At this stage, no. We will take great interest in the full paper once it is published, and would certainly look to review our dietary recommendations in line with any changes to the Australian Dietary Guidelines should they occur.

It is important to remember that, unlike some other weight loss diets, the Total Wellbeing Diet is a nutritionally-balanced diet that incorporates good levels of dietary fibre – which has been shown to oppose many of the health risk factors associated with red meat consumption. In fact, the fibre content included in the Total Wellbeing Diet sets it apart from many other diets, thanks to the benefits of consuming a range of fibre sources.

For more information on the Total Wellbeing Diet, visit our website.



  1. I think the body absorbs iron more from red meat than it does from greens but i could be wrong.

  2. So much for evidence based research. The evidence is telling us red and processed meats cause cancer but the CSIRO is asking us to ignore the science in this instance. Is it the money from the recipe books? Is it some contract clause with Meat &Livestock Australia forcing you to promote red meat?

    “So the minimum amount of red meat a CSIRO dieter eats is 800 grams per week, plus whatever is eaten at lunch. The sample diets in the second edition specify eight weeks of menus averaging 980 grams per week of red and processed meat. And if you don’t like, can’t obtain or can’t afford fish, then you could substitute red meat for the 600 grams per week of fish in the recipes and be getting 226 grams per day of red meat.” https://www.themonthly.com.au/issue/2008/april/1276820967/geoff-russell/confounders

    “According to the WCRF/AICR, you should eat no more than 500 grams of cooked red meat a week, which is equivalent to around 750 grams of raw meat.” http://www.abc.net.au/health/thepulse/stories/2012/07/03/3533219.htm

    1. Hi Siem

      We passed your comments over to our food scientists. They responded:

      “The current CSIRO Total Wellbeing Diet as well as the online version includes up to 700g (raw weight) of red meat per week and excludes processed meat. There has never been any suggestion to replace fish with red meat. The position that has been held with respect to disease risk is that it is the total diet and lifestyle pattern that is most important. The eating plan is also high in dietary fibre, fish, dairy and vegetables which also mitigate cancer risk. The CSIRO Total Wellbeing Diet aims to decrease excess total and abdominal fat which are greater risk factors than any single dietary component. The plan also recommends daily physical activity and moderation of alcohol intake.

      The research behind the CSIRO Total Wellbeing Diet has been funded by many agencies including Meat and Livestock Australia, Dairy Australia, National Health and Medical Research Council and CSIRO.”


      CSIRO social media

    2. In Australia over the last 50-60 years there has been a marked reduction in red meat consumption and a corresponding increase in colon cancer incidence in the population. This argues that any relationship between red meat consumption and cancer risk must be either extremely small or confounded by other uncontrolled risks such as lifestyle factors.

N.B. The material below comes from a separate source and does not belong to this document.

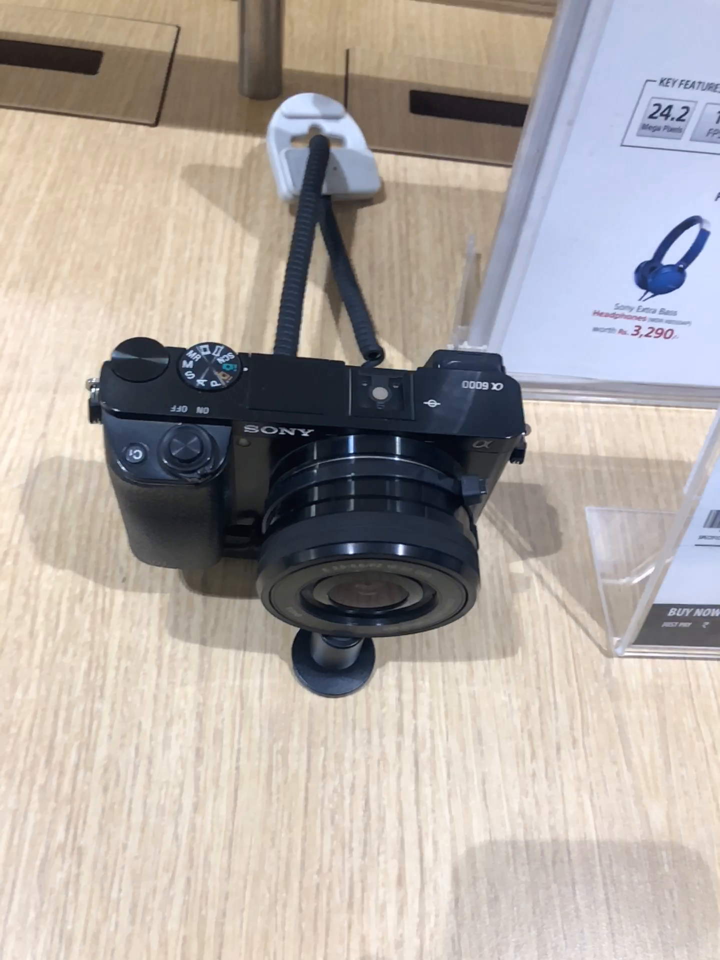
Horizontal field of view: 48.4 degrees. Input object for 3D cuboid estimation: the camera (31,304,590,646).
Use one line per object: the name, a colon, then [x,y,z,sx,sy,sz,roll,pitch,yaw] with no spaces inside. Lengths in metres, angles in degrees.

  3. I love meat! In moderation. I read an article recently about how an American congressman ( circa 1950-60’s) decided to implement the introduction of cereals as a major part of our diet, no science behind his policy, and now it is mainstream. Is there any historical evidence to back this up and has the CSIRO considered this in its appreciation of what constitutes a healthy diet?

  4. Correlation does not imply cuasation -> http://www.tylervigen.com/spurious-correlations

  5. Animal protein has been tested to cause cancer cells to grow, vegetable protein doesn’t. For those who just can’t give up meat, eat grass fed organic and only as a side dish the way the most long lived people have always done. And give up the processed stuff full of non-meat ingredients. I’m sticking to vegan thanks.